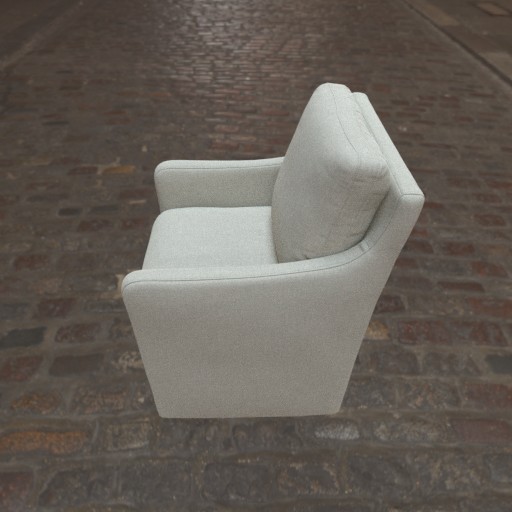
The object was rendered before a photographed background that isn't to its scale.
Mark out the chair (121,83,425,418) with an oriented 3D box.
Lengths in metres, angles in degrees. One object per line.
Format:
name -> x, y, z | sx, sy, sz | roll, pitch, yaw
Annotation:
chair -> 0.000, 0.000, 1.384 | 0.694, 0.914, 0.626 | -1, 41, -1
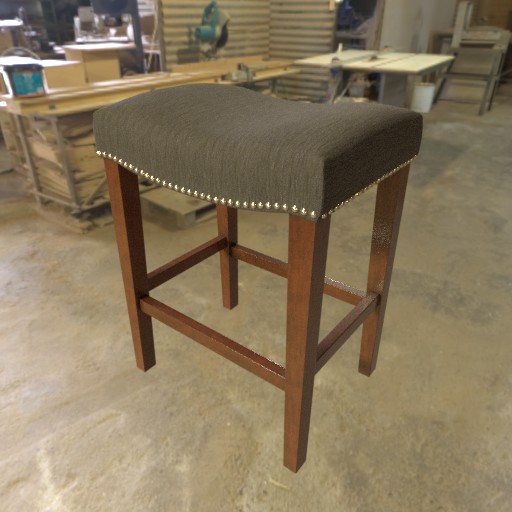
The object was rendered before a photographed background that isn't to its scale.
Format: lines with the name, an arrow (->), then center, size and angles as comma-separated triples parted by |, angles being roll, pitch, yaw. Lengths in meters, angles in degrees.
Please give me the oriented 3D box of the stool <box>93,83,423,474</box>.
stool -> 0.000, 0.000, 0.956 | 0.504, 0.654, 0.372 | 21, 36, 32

::::

Task brief: Set out the material once more, exact in every line, with no images.

Exercise solution:
The object was rendered before a photographed background that isn't to its scale.
Mark out the chair (121,83,425,418) with an oriented 3D box.
Lengths in metres, angles in degrees. One object per line.
Format:
name -> x, y, z | sx, sy, sz | roll, pitch, yaw
Annotation:
chair -> 0.000, 0.000, 1.384 | 0.694, 0.914, 0.626 | -1, 41, -1
The object was rendered before a photographed background that isn't to its scale.
Format: lines with the name, an arrow (->), then center, size and angles as comma-separated triples parted by |, angles being roll, pitch, yaw. Lengths in meters, angles in degrees.
Please give me the oriented 3D box of the stool <box>93,83,423,474</box>.
stool -> 0.000, 0.000, 0.956 | 0.504, 0.654, 0.372 | 21, 36, 32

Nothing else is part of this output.